婉盈挺着大肚子,靠近有声,“你是那个那个我给你换衣服的丫头吗?”
有声抬起头,眼睛闪过一丝的惊骇,“回禀夫人,正是奴婢,”
婉盈来了兴趣,“上次你见我是那么的害怕,这才几天的功夫,你怎么什么都不怕了呢?”
有声一时语咽,是啊,第一次装难民,第二次装害怕,只怕洗脸之后她就什么都知道了,索性以后什么都知道还不如现在就知道的好,有声忏悔一样,“少夫人,我不仅上次装害怕,你还记得有一个女子给你说她的名字叫可欣吗?其实可欣就是我。”
这句话一说,婉盈和丞相的怒气甚浓,刘家老夫妇恨不得撕烂她的嘴巴,刘向再也淡定不了了,就徘徊在靠近和远离的过程中。
婉盈怒问,“你为什么骗我?”
有声跪地说,“我不是骗你,是不得已而为之,请原谅我的良苦用心。”如今的谎越说越大,只怕到时候该怎么收拾,但目前只能这样,如果不这样,该怎么样?
婉盈在孕中,怒也不会太盛,她换了一种正常的口音问有声,“你有何难处,有何苦衷,非如此不可?“有声落下两颗泪水,“我的夫君和谏大夫是旧交,只是夫君遭人荼毒已死,而我也遭到的追杀,现在已经无路可走,只能如此了。”
此话一出,加上泪珠,果然融化了美人的放心,婉盈见有声孤苦无依,又十分的羸弱可怜,赶紧将有声从地上扶起来,想用洁白的丝帕给有声擦脸,有声赶紧退后了两步,“不敢,少夫人,我只是一个奴婢,不值得夫人如此关爱。”其实被婉盈擦干净脸,又不知道会有多少的人会认识她。
婉盈微微一笑,暖心的很,她拉着有声的手,盈盈的走到刘父丞相的面前,“二位父亲,可欣是一个可怜的女子,你们就不要和她计较了,我很喜欢她,她的勇敢,还有她的敢作敢当,”
被婉盈这么一说,有声只觉得脸上红的发燥,刘父不想说什么话,丞相倒是很趣味的说,“女儿啊,你想怎么样就怎么样,为父都听你的。”
婉盈这才欢呼的对有声说,“你若不愿意服侍我,那么你就在落樱阁好好服侍谏大夫吧,今后我会经常找你玩的。”
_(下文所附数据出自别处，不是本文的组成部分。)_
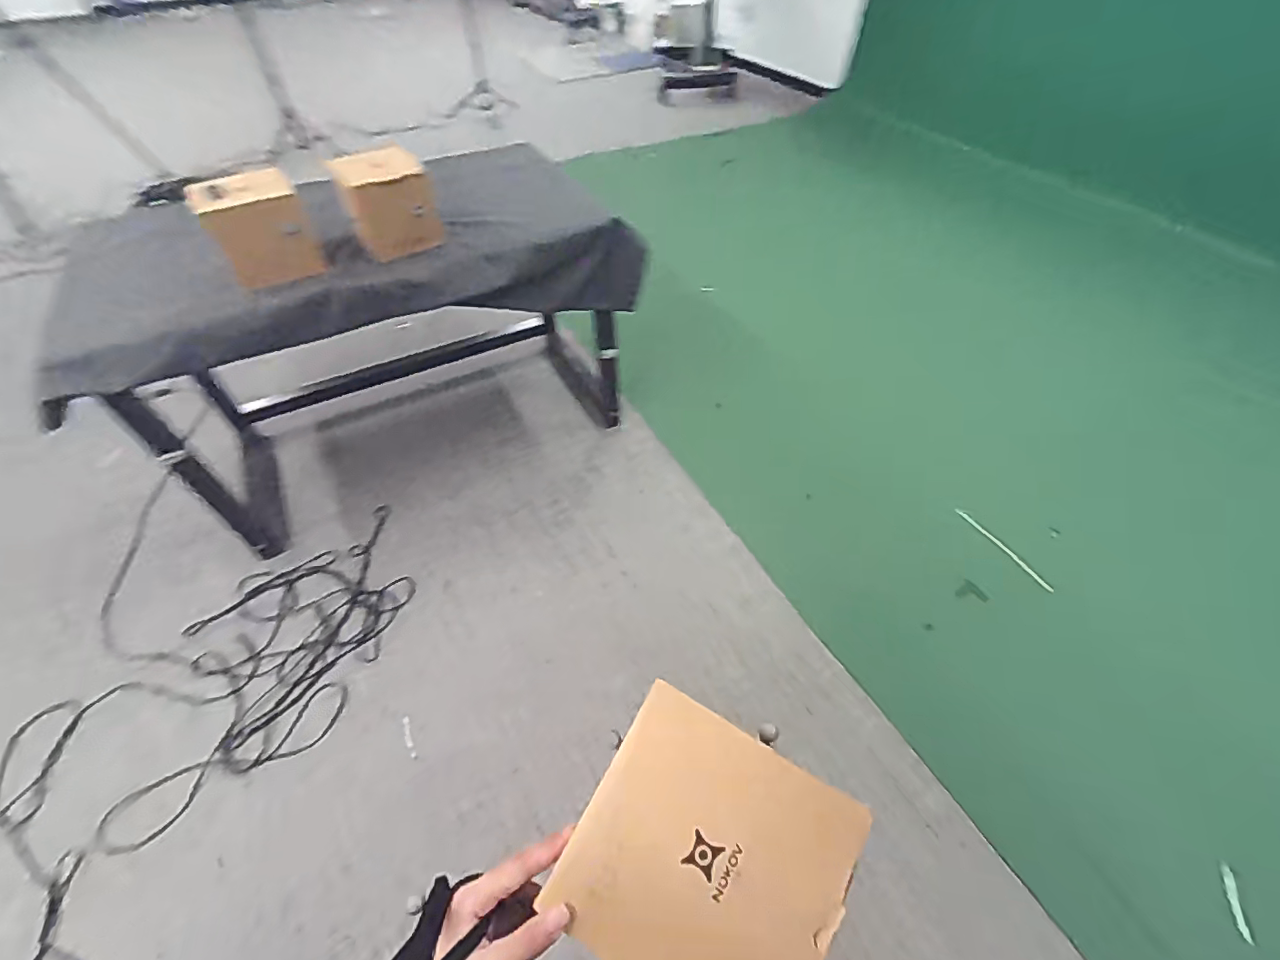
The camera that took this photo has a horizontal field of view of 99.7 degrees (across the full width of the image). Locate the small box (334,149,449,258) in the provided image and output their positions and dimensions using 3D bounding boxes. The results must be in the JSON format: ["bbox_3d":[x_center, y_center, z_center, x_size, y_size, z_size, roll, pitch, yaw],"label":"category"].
[{"bbox_3d":[-0.561,-0.629,1.240,0.168,0.176,0.179,-28,54,-23],"label":"small box"}]
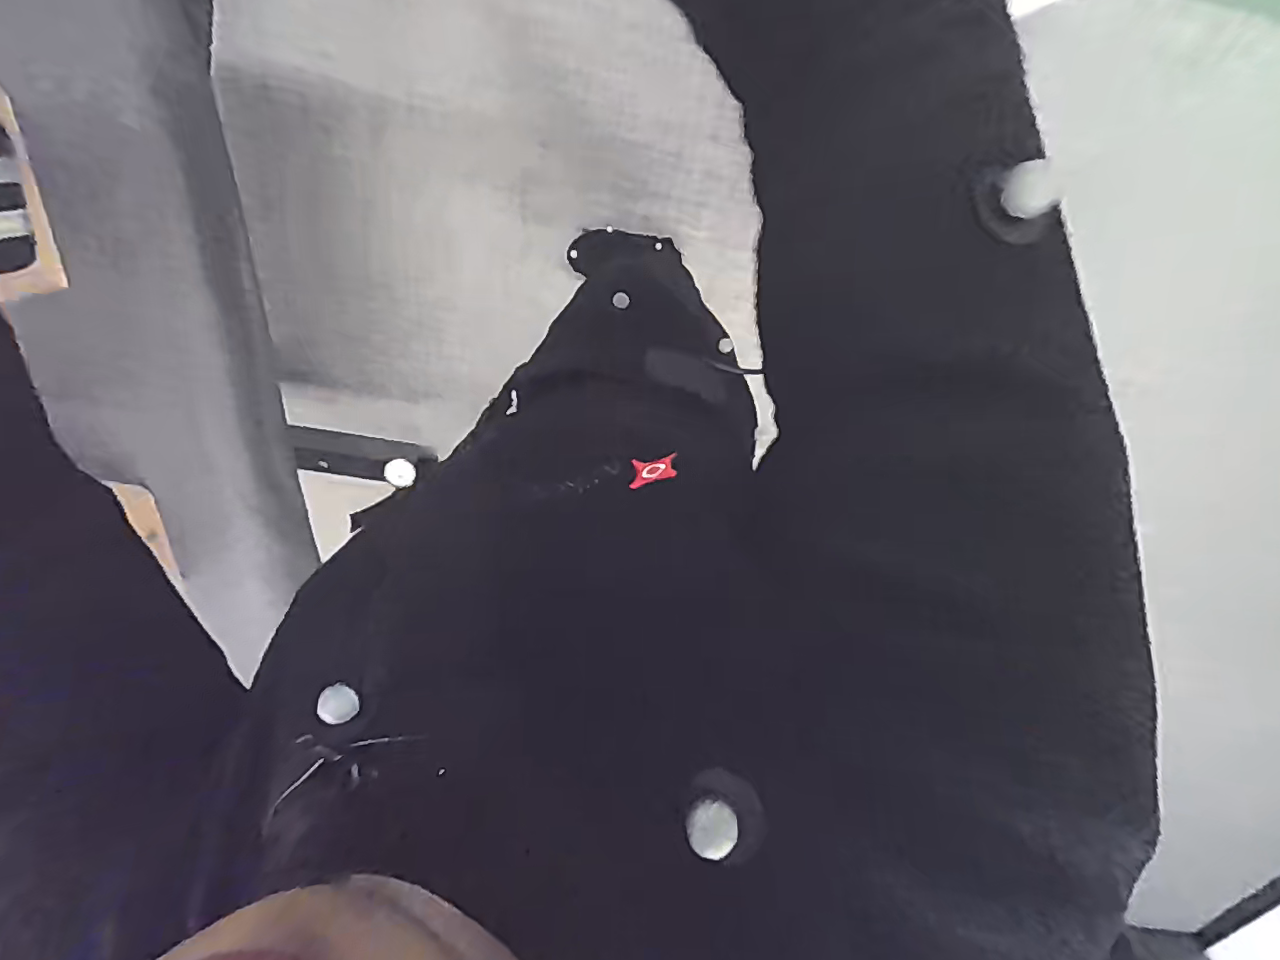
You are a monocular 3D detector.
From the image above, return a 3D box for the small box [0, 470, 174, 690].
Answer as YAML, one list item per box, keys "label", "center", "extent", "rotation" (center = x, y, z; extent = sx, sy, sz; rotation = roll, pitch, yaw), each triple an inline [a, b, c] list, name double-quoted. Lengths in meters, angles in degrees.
- label: "small box"
  center: [-0.692, 0.104, 0.609]
  extent: [0.179, 0.176, 0.168]
  rotation: [8, 120, -4]

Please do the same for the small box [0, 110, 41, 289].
- label: "small box"
  center: [-0.631, -0.235, 0.409]
  extent: [0.179, 0.176, 0.168]
  rotation: [11, 120, -5]

有声迎面一笑,露出洁白的牙齿,这个女子,这个叫婉盈的女子,是她喜欢的气质,如此坦诚的待她,她心里岂能不暖,这是辞别鹤云之后,第二个温暖她心的人,一个是溪泱,一个就是婉盈。
正所谓是投之以木桃,报之以琼瑶,有声在这一刻暗暗的发誓们不能伤害婉盈半根毫毛,虽然不是什么善良之辈,但也懂得将心比心的重要热血。只是刘向,想到刘向她焉有不痛的道理?只是痛也不不能怎么样,不痛也不能怎么样。
那还不如一直在心中自己tian舐着那个疤痕,尽管可以天天看到刘向,看到一次,伤口就掀开一次,但也无妨,以为永远回不到过去了,和鹤云是一模一样的。
“若崇山嚬起以崔嵬,髧若玄云舒蜺以高垂,”此景此景也只能在尘外别院的石门之后才能看得到。
金龙躬身,“主人,有声姑娘的事情似乎又吗一点眉目了。”
男子激动的站立起来,惊问道,“是吗?找到有声了,她在哪里?”
金龙答道,“听说有声在长安城的刘府,谏大夫的家中,”
男子落魄的坐在石椅子上,眉目紧蹙,“她还是去找他了,她就这么不愿意在这里吗?就这么不愿意相信熬吗?”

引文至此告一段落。